### The data
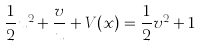Convert formula to latex. <formula><loc_0><loc_0><loc_500><loc_500>\frac { 1 } { 2 } u ^ { 2 } + \frac { v } u + V ( x ) = \frac { 1 } { 2 } v ^ { 2 } + 1</formula> 
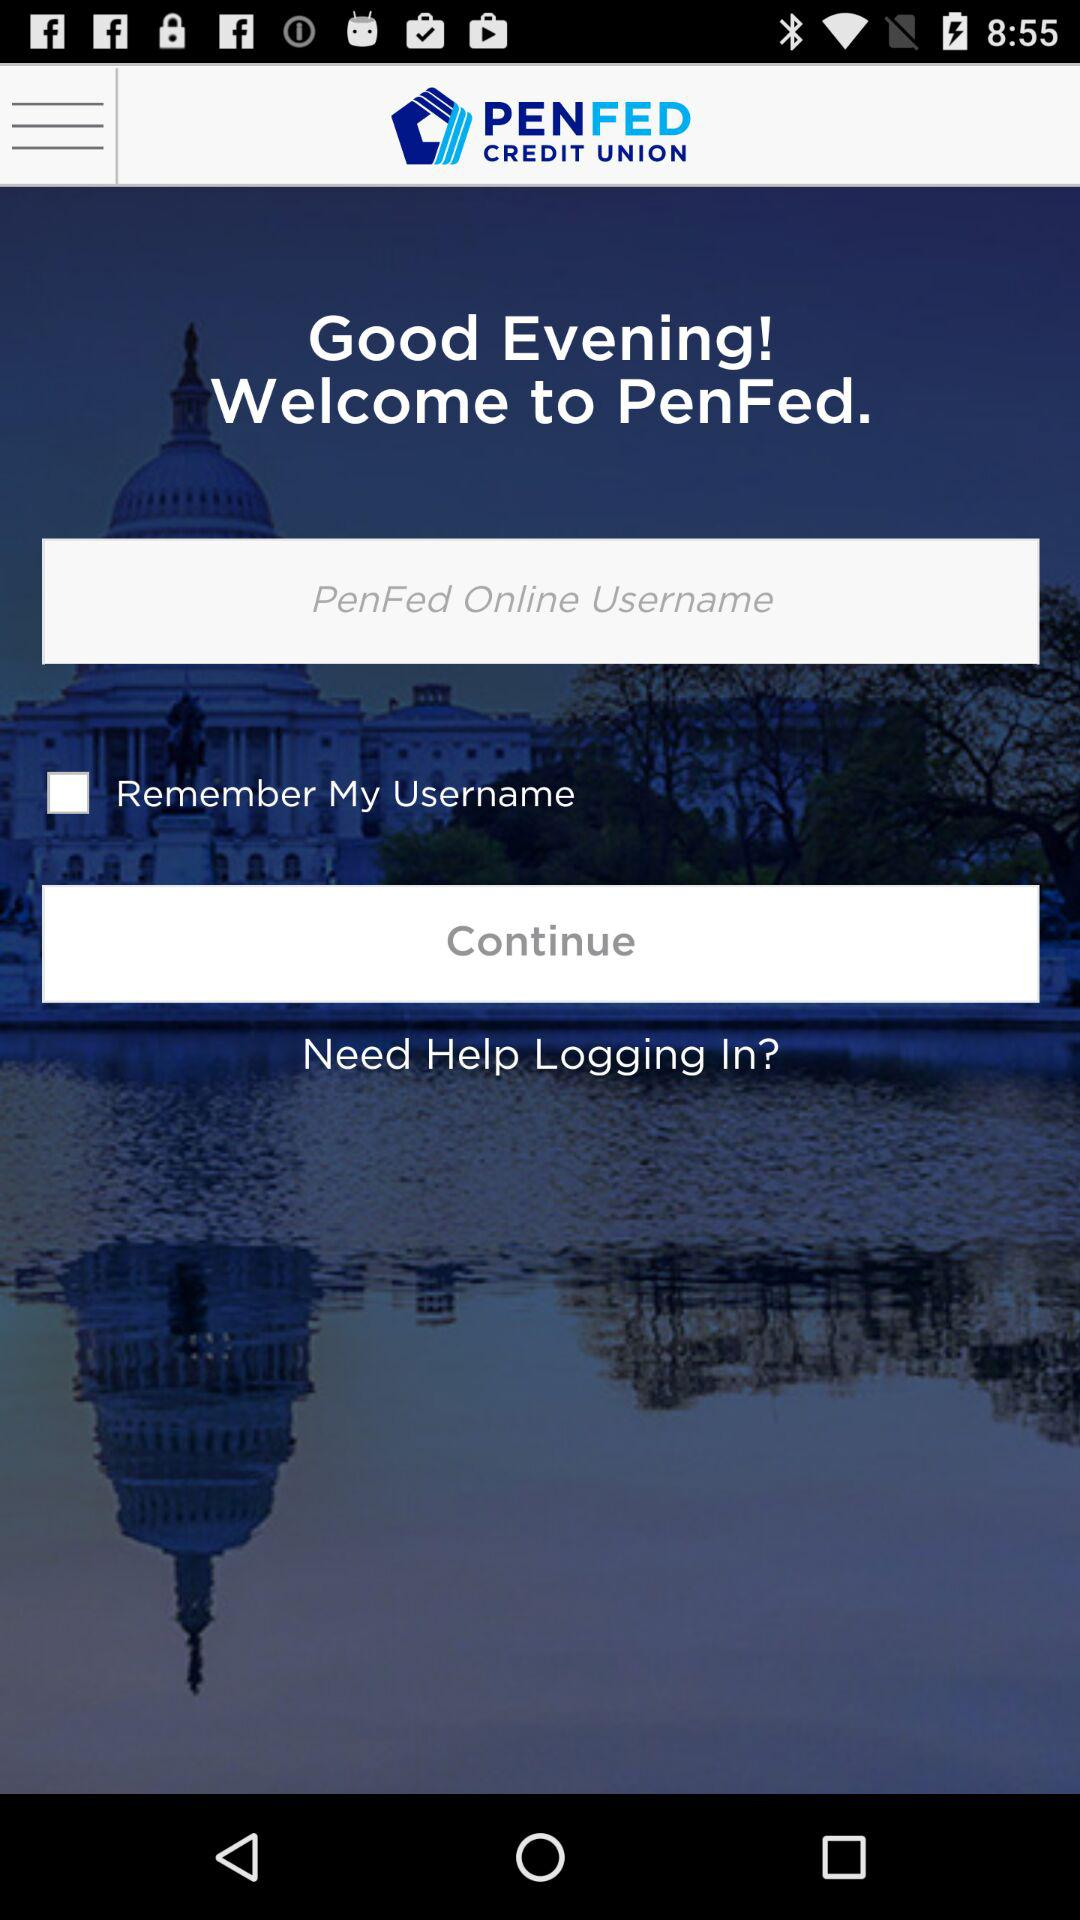What is the application name? The application name is "PENFED". 
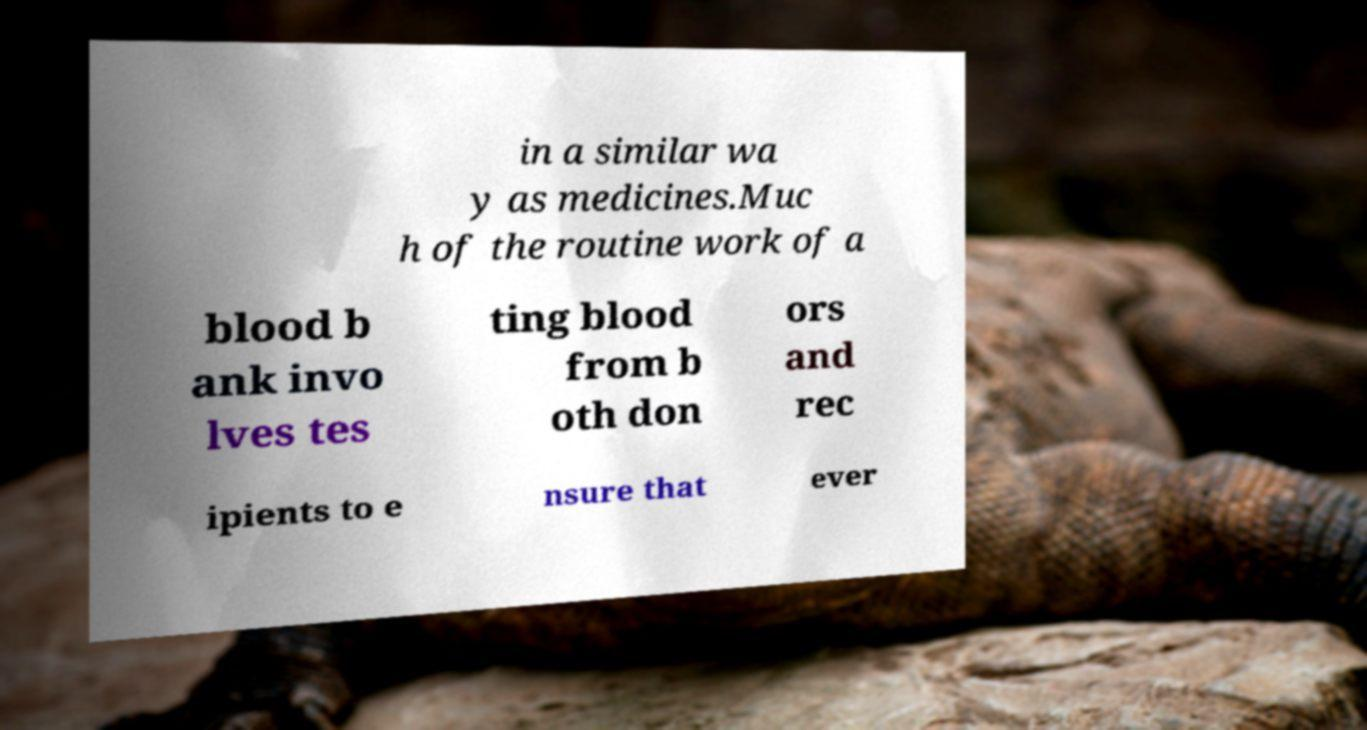Please identify and transcribe the text found in this image. in a similar wa y as medicines.Muc h of the routine work of a blood b ank invo lves tes ting blood from b oth don ors and rec ipients to e nsure that ever 
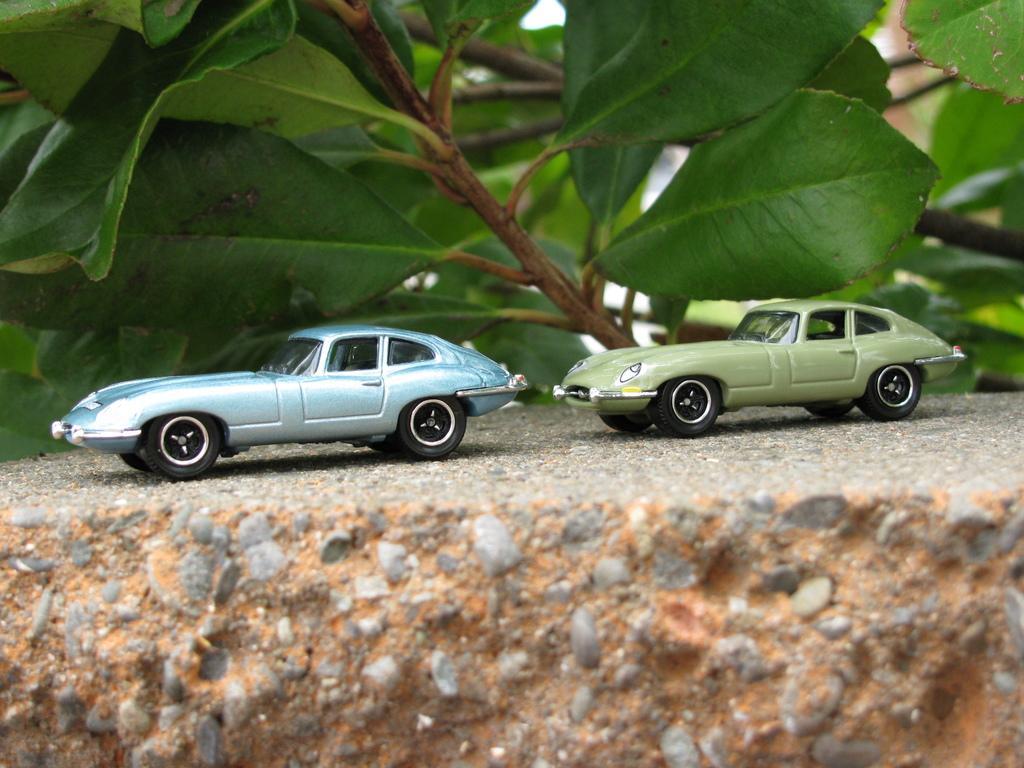Can you describe this image briefly? In this picture i can see two toys car one on the left side and one on the right side. And this is some is plants 
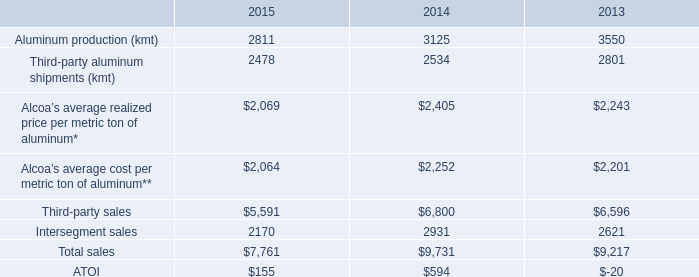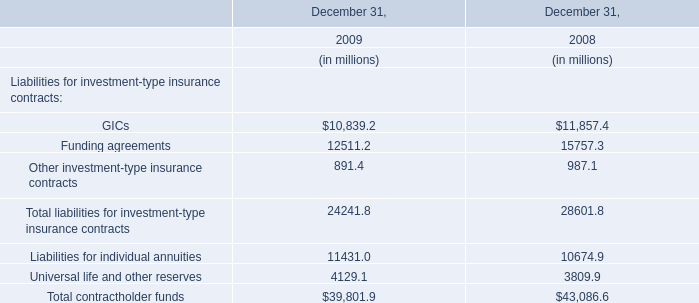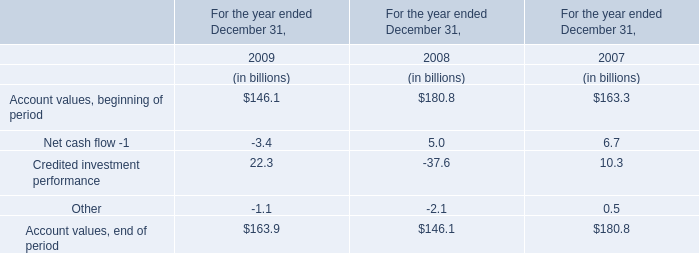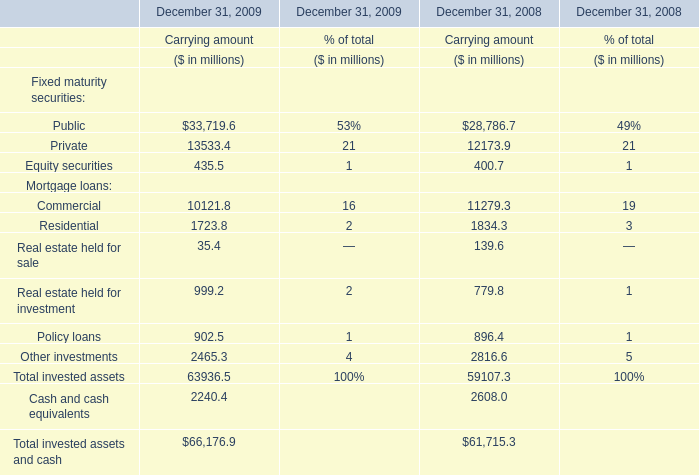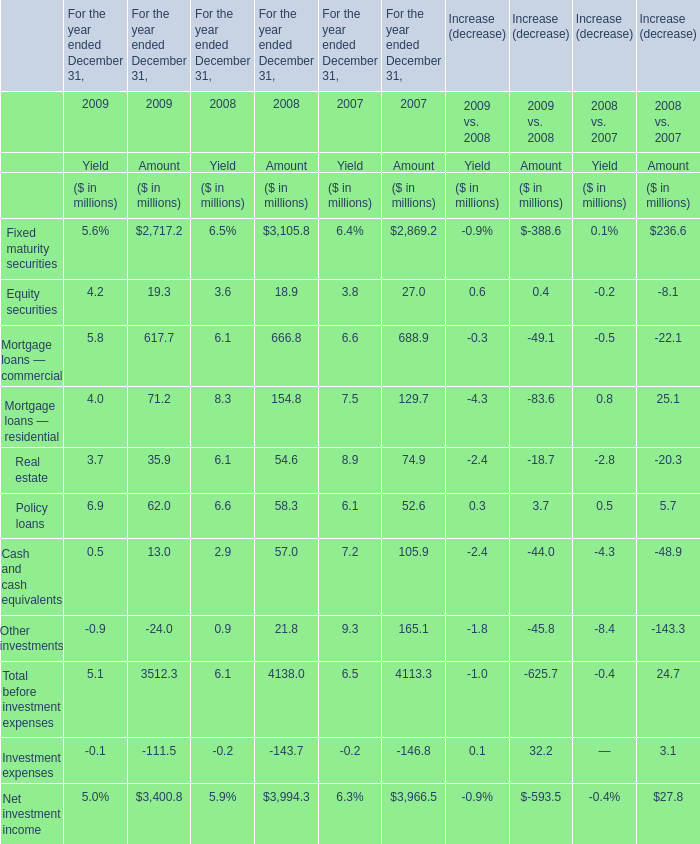How many kinds of Fixed maturity securities are greater than 10000 in 2009 
Answer: 2 (public and private). 
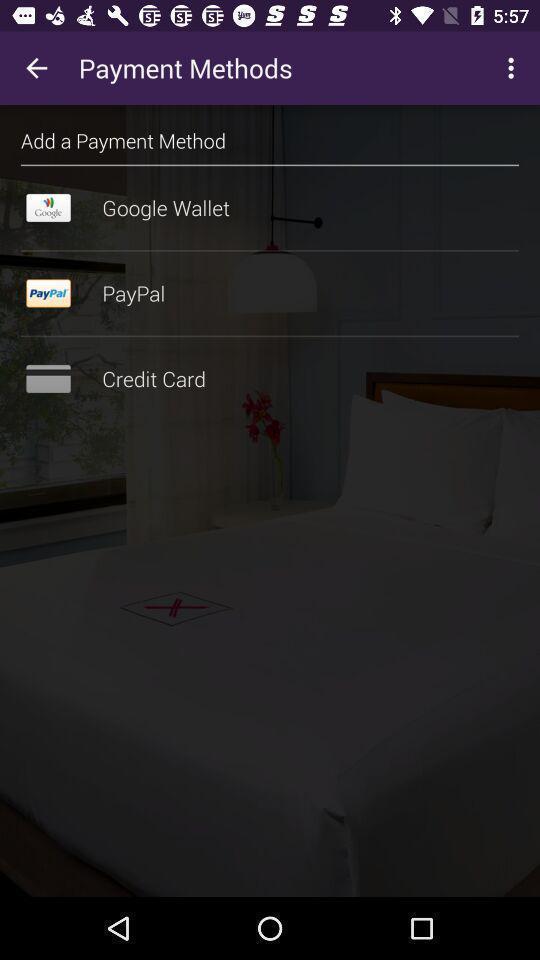Provide a description of this screenshot. Page displaying the various types of payment method. 
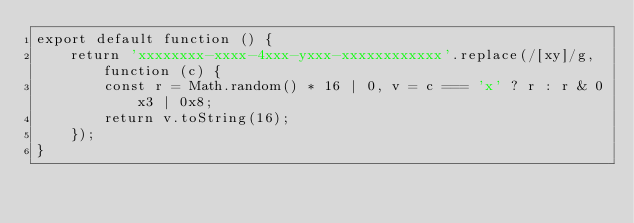<code> <loc_0><loc_0><loc_500><loc_500><_TypeScript_>export default function () {
    return 'xxxxxxxx-xxxx-4xxx-yxxx-xxxxxxxxxxxx'.replace(/[xy]/g, function (c) {
        const r = Math.random() * 16 | 0, v = c === 'x' ? r : r & 0x3 | 0x8;
        return v.toString(16);
    });
}</code>

### What the task asks
When you copy the entries above, reproduce each line exactly and leave out any pictures.

### Result of this exercise
Convert formula to latex. <formula><loc_0><loc_0><loc_500><loc_500>\frac { 1 } { 2 } u ^ { 2 } + \frac { v } u + V ( x ) = \frac { 1 } { 2 } v ^ { 2 } + 1</formula> 
What is the application name? The application name is "PENFED". 
Please identify and transcribe the text found in this image. in a similar wa y as medicines.Muc h of the routine work of a blood b ank invo lves tes ting blood from b oth don ors and rec ipients to e nsure that ever 
Can you describe this image briefly? In this picture i can see two toys car one on the left side and one on the right side. And this is some is plants 
How many kinds of Fixed maturity securities are greater than 10000 in 2009 
Answer: 2 (public and private). 
Provide a description of this screenshot. Page displaying the various types of payment method. 
<code> <loc_0><loc_0><loc_500><loc_500><_TypeScript_>export default function () {
    return 'xxxxxxxx-xxxx-4xxx-yxxx-xxxxxxxxxxxx'.replace(/[xy]/g, function (c) {
        const r = Math.random() * 16 | 0, v = c === 'x' ? r : r & 0x3 | 0x8;
        return v.toString(16);
    });
}</code>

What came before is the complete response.